● Exercise objective: Keep the pictures out of your copy. Transcribe the records below exactly.

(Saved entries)
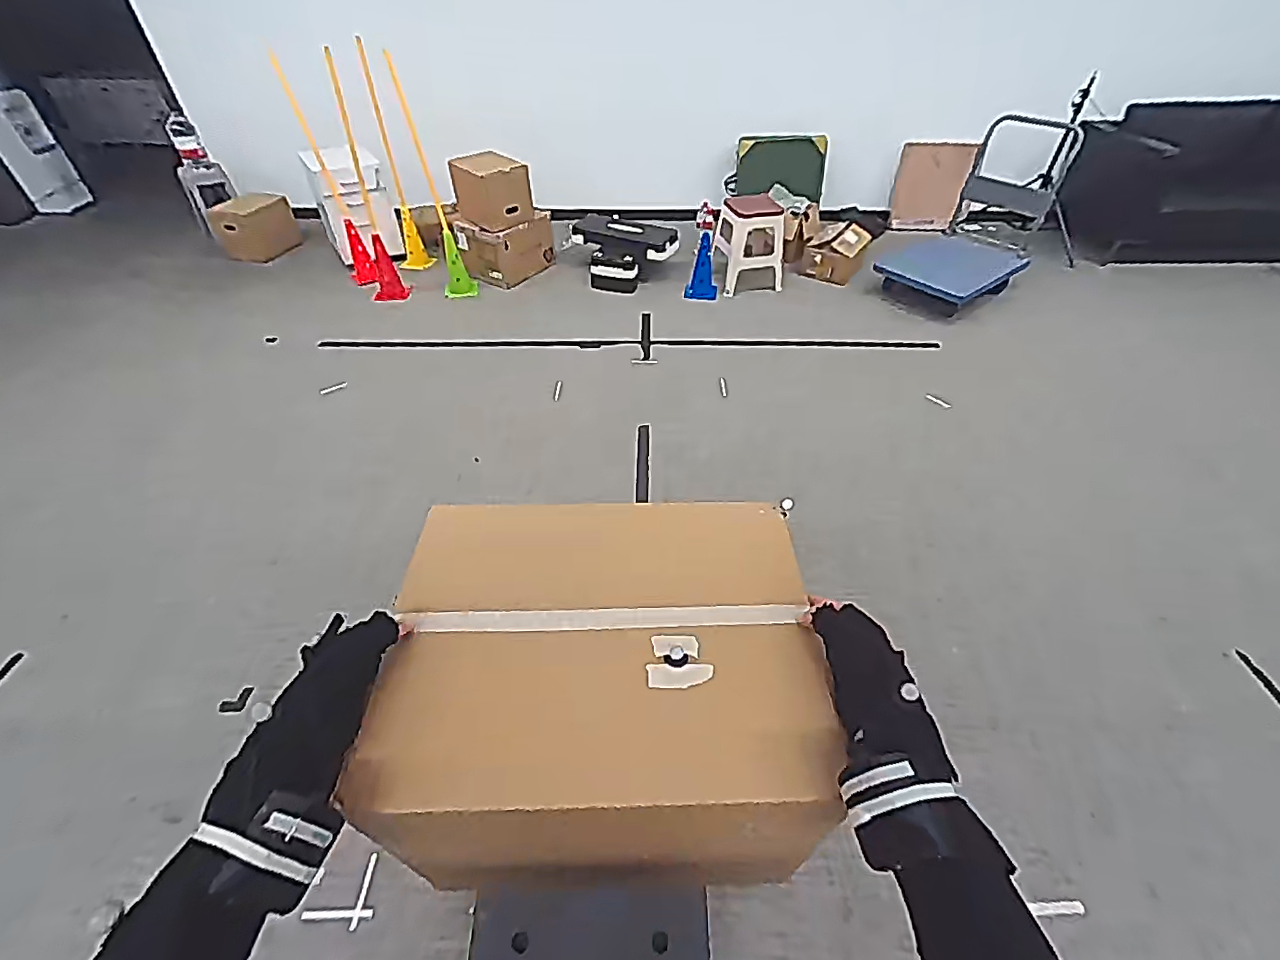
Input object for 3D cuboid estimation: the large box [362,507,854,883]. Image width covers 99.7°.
[{"bbox_3d":[-0.031,0.249,0.638,0.408,0.320,0.320,0,44,-1],"label":"large box"}]
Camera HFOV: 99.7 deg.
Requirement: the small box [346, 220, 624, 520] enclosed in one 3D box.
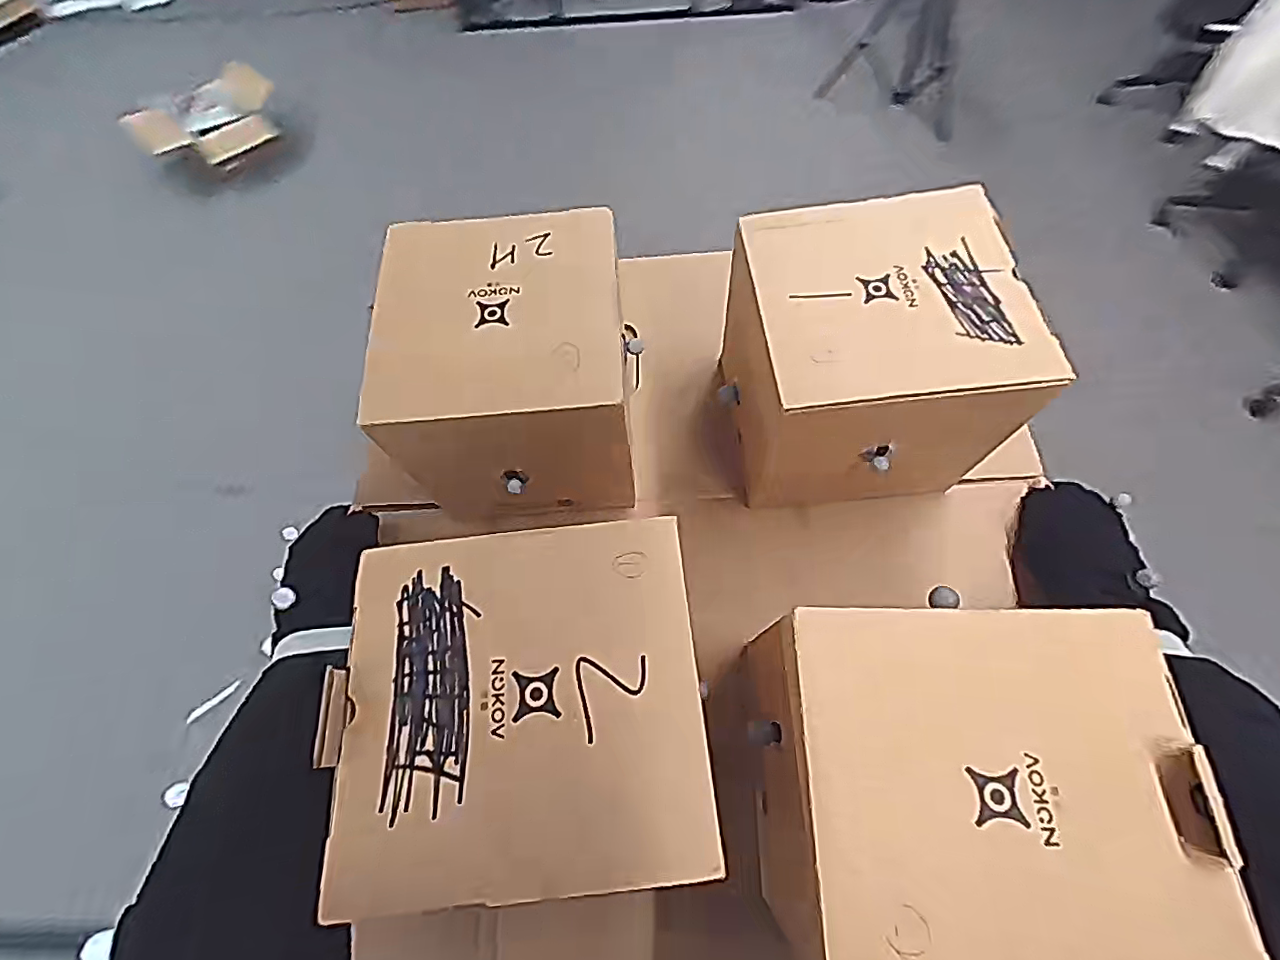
[{"bbox_3d":[-0.104,-0.074,0.439,0.168,0.176,0.179,-5,65,0],"label":"small box"}]
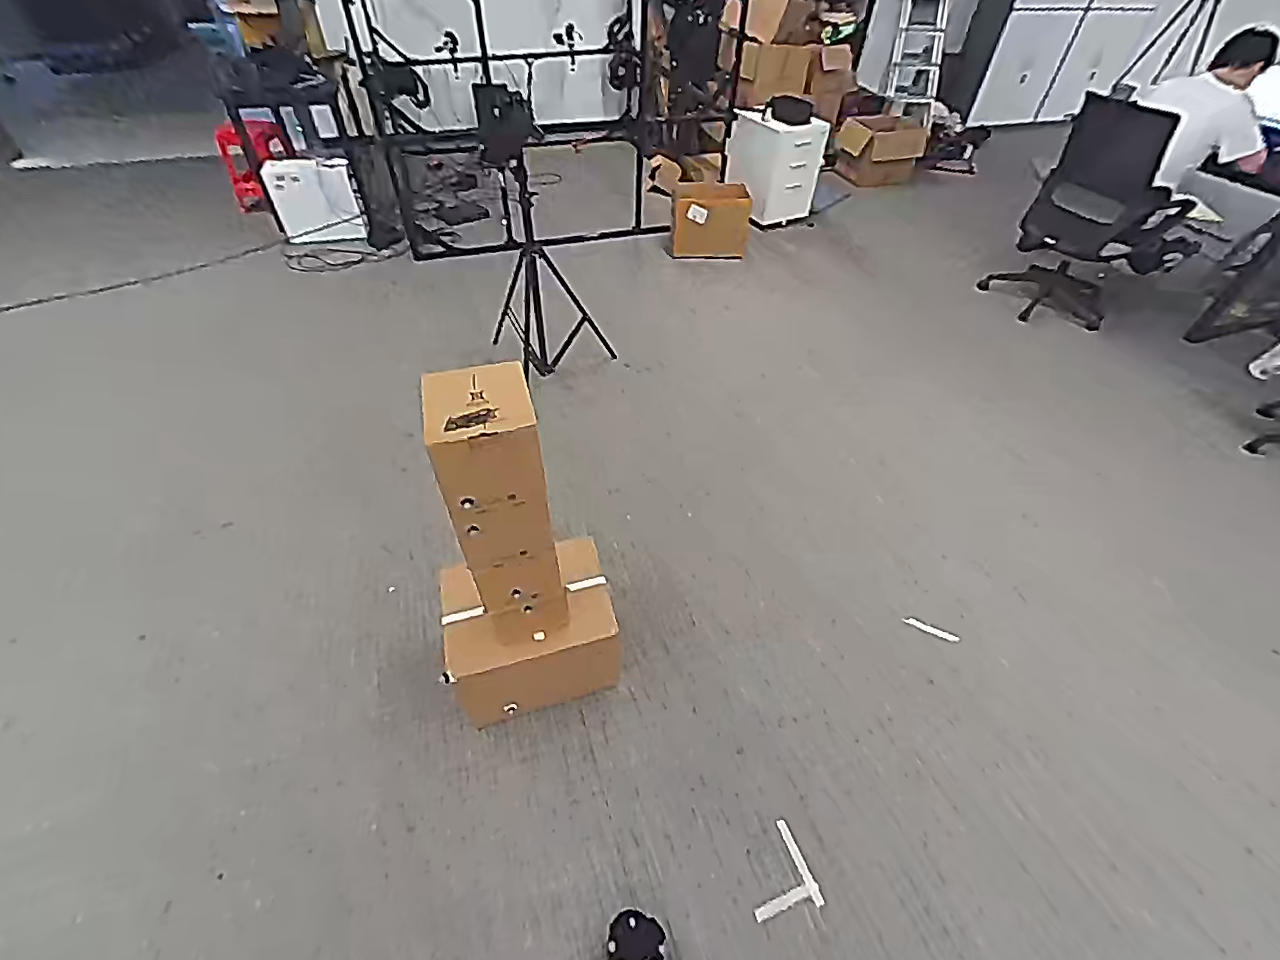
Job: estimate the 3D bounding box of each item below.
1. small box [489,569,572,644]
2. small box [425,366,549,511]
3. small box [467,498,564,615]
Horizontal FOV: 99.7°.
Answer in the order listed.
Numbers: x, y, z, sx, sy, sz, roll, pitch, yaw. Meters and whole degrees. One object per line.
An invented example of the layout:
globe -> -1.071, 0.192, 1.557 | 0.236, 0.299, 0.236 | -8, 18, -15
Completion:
small box -> -0.267, 0.261, 1.277 | 0.179, 0.176, 0.168 | -13, 50, -15
small box -> -0.254, -0.064, 0.910 | 0.168, 0.176, 0.179 | -12, 48, -13
small box -> -0.264, 0.157, 1.153 | 0.168, 0.176, 0.179 | -13, 50, -14
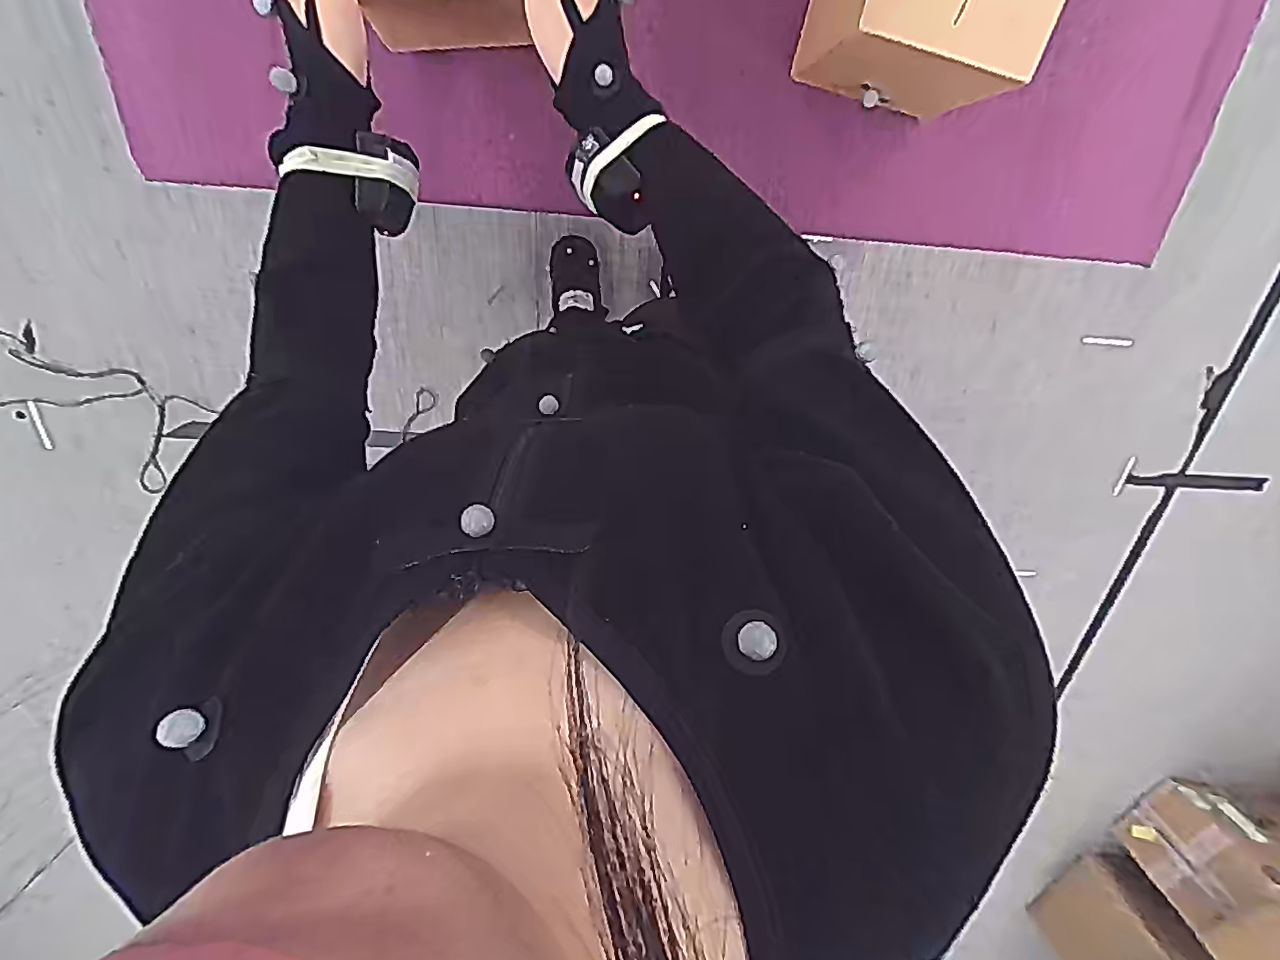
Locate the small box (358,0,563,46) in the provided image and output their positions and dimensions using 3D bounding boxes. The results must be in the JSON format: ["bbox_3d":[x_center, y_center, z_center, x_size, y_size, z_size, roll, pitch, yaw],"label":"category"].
[{"bbox_3d":[-0.154,-0.479,0.429,0.179,0.176,0.168,-6,108,-4],"label":"small box"}]

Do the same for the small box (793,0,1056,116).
[{"bbox_3d":[0.262,-0.466,0.494,0.168,0.176,0.179,9,114,-9],"label":"small box"}]

● Exercise output:
Input object for 3D cuboid estimation: the large box [362,507,854,883]. Image width covers 99.7°.
[{"bbox_3d":[-0.031,0.249,0.638,0.408,0.320,0.320,0,44,-1],"label":"large box"}]
Camera HFOV: 99.7 deg.
Requirement: the small box [346, 220, 624, 520] enclosed in one 3D box.
[{"bbox_3d":[-0.104,-0.074,0.439,0.168,0.176,0.179,-5,65,0],"label":"small box"}]
Job: estimate the 3D bounding box of each item below.
1. small box [489,569,572,644]
2. small box [425,366,549,511]
3. small box [467,498,564,615]
Horizontal FOV: 99.7°.
Answer in the order listed.
Numbers: x, y, z, sx, sy, sz, roll, pitch, yaw. Meters and whole degrees. One object per line.
An invented example of the layout:
globe -> -1.071, 0.192, 1.557 | 0.236, 0.299, 0.236 | -8, 18, -15
Completion:
small box -> -0.267, 0.261, 1.277 | 0.179, 0.176, 0.168 | -13, 50, -15
small box -> -0.254, -0.064, 0.910 | 0.168, 0.176, 0.179 | -12, 48, -13
small box -> -0.264, 0.157, 1.153 | 0.168, 0.176, 0.179 | -13, 50, -14
Locate the small box (358,0,563,46) in the provided image and output their positions and dimensions using 3D bounding boxes. The results must be in the JSON format: ["bbox_3d":[x_center, y_center, z_center, x_size, y_size, z_size, roll, pitch, yaw],"label":"category"].
[{"bbox_3d":[-0.154,-0.479,0.429,0.179,0.176,0.168,-6,108,-4],"label":"small box"}]

Do the same for the small box (793,0,1056,116).
[{"bbox_3d":[0.262,-0.466,0.494,0.168,0.176,0.179,9,114,-9],"label":"small box"}]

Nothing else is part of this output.